**WHAT TO DO:** The answer should be one number, the count of lines in the data with "list".

══ INPUT DATA ══

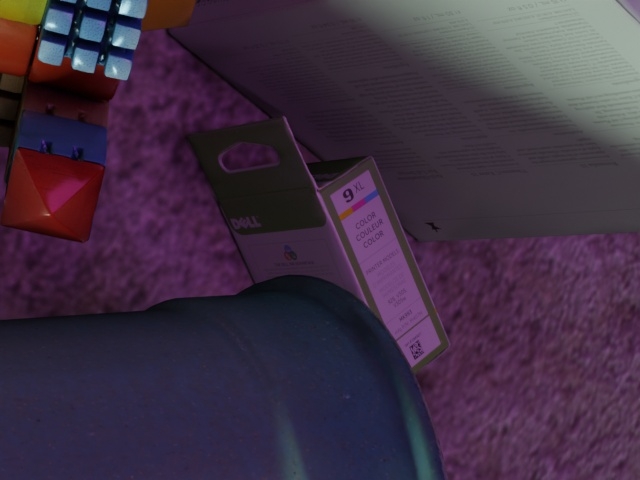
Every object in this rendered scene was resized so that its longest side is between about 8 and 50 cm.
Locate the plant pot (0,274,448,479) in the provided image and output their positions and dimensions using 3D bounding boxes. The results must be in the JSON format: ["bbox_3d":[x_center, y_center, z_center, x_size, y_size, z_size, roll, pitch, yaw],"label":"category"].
[{"bbox_3d":[-0.157,0.183,1.022,0.334,0.341,0.341,3,85,-33],"label":"plant pot"}]

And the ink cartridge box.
[{"bbox_3d":[0.000,0.000,1.292,0.062,0.109,0.209,-37,110,-37],"label":"ink cartridge box"}]

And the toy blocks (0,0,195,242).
[{"bbox_3d":[-0.137,-0.181,1.000,0.191,0.261,0.381,12,115,-12],"label":"toy blocks"}]

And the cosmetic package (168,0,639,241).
[{"bbox_3d":[0.122,-0.113,1.227,0.284,0.377,0.097,41,63,-32],"label":"cosmetic package"}]
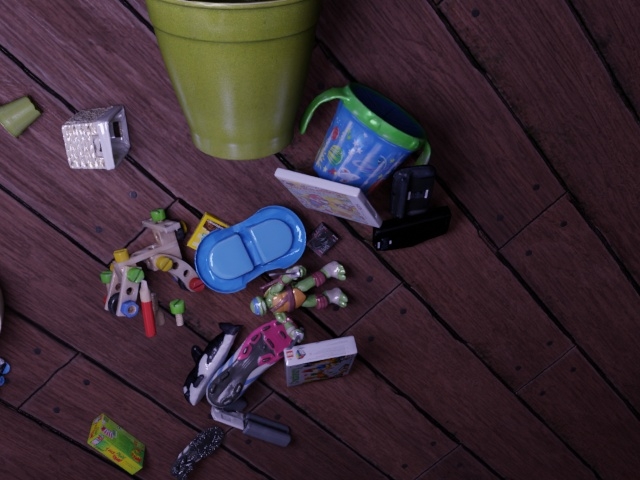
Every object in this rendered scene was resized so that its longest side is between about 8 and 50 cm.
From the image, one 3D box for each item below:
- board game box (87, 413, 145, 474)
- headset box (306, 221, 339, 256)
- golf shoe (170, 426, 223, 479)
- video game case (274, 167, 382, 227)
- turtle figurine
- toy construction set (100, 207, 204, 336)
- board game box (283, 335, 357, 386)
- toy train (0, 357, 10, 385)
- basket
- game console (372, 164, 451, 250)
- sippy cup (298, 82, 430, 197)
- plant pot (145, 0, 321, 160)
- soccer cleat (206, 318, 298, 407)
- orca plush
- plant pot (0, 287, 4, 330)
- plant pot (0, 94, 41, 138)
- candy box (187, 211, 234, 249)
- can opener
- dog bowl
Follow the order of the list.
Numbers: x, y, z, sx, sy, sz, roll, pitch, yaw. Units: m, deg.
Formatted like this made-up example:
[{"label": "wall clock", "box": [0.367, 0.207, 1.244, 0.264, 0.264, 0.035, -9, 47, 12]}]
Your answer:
[{"label": "board game box", "box": [-0.610, 0.613, 1.745, 0.043, 0.092, 0.181, -36, 116, 8]}, {"label": "headset box", "box": [0.000, 0.000, 1.609, 0.083, 0.032, 0.062, -44, 115, 9]}, {"label": "golf shoe", "box": [-0.393, 0.658, 1.827, 0.198, 0.094, 0.077, -40, 97, -17]}, {"label": "video game case", "box": [0.023, -0.103, 1.430, 0.026, 0.226, 0.206, -67, 154, -11]}, {"label": "turtle figurine", "box": [-0.038, 0.166, 1.568, 0.266, 0.274, 0.198, -18, 84, -26]}, {"label": "toy construction set", "box": [-0.418, 0.060, 1.420, 0.257, 0.309, 0.237, -8, 112, -16]}, {"label": "board game box", "box": [-0.007, 0.352, 1.663, 0.192, 0.053, 0.305, -9, 156, -6]}, {"label": "toy train", "box": [-0.929, 0.383, 1.586, 0.105, 0.080, 0.184, 29, 109, -12]}, {"label": "basket", "box": [-0.509, -0.236, 1.324, 0.103, 0.167, 0.113, -3, 116, -5]}, {"label": "game console", "box": [0.245, -0.083, 1.512, 0.213, 0.044, 0.361, -14, 150, -5]}, {"label": "sippy cup", "box": [0.104, -0.229, 1.427, 0.305, 0.240, 0.224, 39, 116, 7]}, {"label": "plant pot", "box": [-0.175, -0.379, 1.248, 0.366, 0.367, 0.353, -5, 128, -9]}, {"label": "soccer cleat", "box": [-0.206, 0.348, 1.701, 0.331, 0.143, 0.116, -42, 92, -14]}, {"label": "orca plush", "box": [-0.337, 0.334, 1.663, 0.102, 0.151, 0.287, 33, 120, 12]}, {"label": "plant pot", "box": [-0.902, 0.138, 1.405, 0.284, 0.191, 0.284, -5, 118, -9]}, {"label": "plant pot", "box": [-0.684, -0.288, 1.320, 0.079, 0.083, 0.083, -36, 117, -8]}, {"label": "candy box", "box": [-0.245, 0.014, 1.570, 0.205, 0.027, 0.105, 28, 109, -21]}, {"label": "can opener", "box": [-0.207, 0.556, 1.807, 0.283, 0.076, 0.095, 27, 108, -22]}, {"label": "dog bowl", "box": [-0.185, 0.022, 1.514, 0.297, 0.074, 0.166, -26, 96, -16]}]
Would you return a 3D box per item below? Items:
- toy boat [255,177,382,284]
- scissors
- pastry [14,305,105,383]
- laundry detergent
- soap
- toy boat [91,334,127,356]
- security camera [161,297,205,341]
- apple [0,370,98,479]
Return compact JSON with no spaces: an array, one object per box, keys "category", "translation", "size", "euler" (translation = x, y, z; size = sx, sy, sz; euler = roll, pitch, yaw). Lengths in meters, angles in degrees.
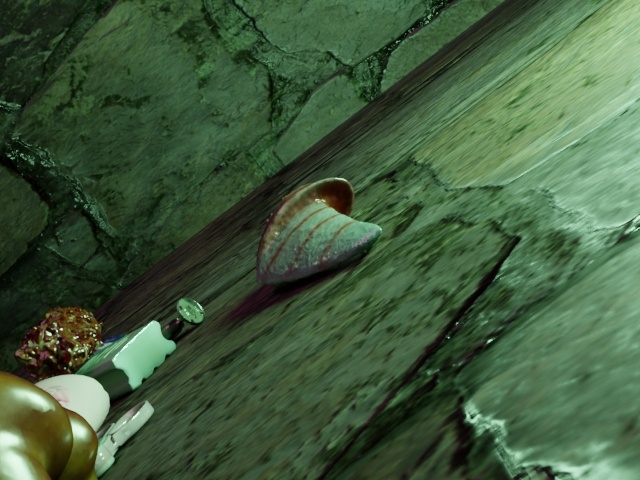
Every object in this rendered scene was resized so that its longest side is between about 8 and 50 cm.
[{"category":"toy boat","translation":[0.000,0.000,1.180],"size":[0.206,0.096,0.282],"euler":[-45,24,-8]},{"category":"scissors","translation":[-0.274,0.269,0.992],"size":[0.118,0.031,0.242],"euler":[-36,6,10]},{"category":"pastry","translation":[-0.433,0.175,1.380],"size":[0.097,0.115,0.208],"euler":[-50,12,5]},{"category":"laundry detergent","translation":[-0.364,0.265,0.939],"size":[0.158,0.088,0.335],"euler":[-17,13,14]},{"category":"soap","translation":[-0.343,0.215,1.371],"size":[0.198,0.067,0.119],"euler":[-29,11,40]},{"category":"toy boat","translation":[-0.451,0.249,1.687],"size":[0.220,0.067,0.291],"euler":[-36,-1,7]},{"category":"security camera","translation":[-0.247,0.148,1.424],"size":[0.092,0.058,0.058],"euler":[-46,4,31]},{"category":"apple","translation":[-0.270,0.228,0.493],"size":[0.316,0.288,0.288],"euler":[-27,7,-14]}]
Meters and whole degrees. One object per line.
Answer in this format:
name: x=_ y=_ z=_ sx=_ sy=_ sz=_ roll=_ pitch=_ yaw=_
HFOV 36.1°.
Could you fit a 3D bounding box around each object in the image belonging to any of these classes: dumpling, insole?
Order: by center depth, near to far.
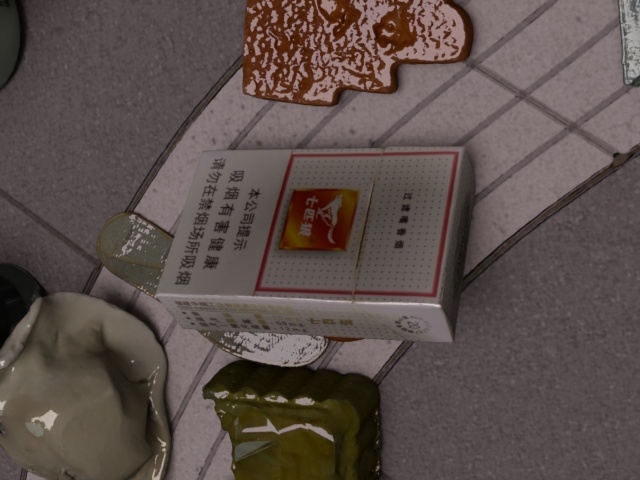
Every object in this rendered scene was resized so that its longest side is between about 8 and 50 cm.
insole: x=-0.145 y=0.064 z=1.277 sx=0.348 sy=0.009 sz=0.119 roll=28 pitch=91 yaw=14
dumpling: x=-0.317 y=0.206 z=1.317 sx=0.318 sy=0.187 sz=0.243 roll=45 pitch=73 yaw=-32

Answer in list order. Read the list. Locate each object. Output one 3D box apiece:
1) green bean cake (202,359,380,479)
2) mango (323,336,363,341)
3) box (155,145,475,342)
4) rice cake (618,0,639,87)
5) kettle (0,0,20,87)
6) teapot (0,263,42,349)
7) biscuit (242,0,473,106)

═══

**SOLUTION TO THIS TASK:** 2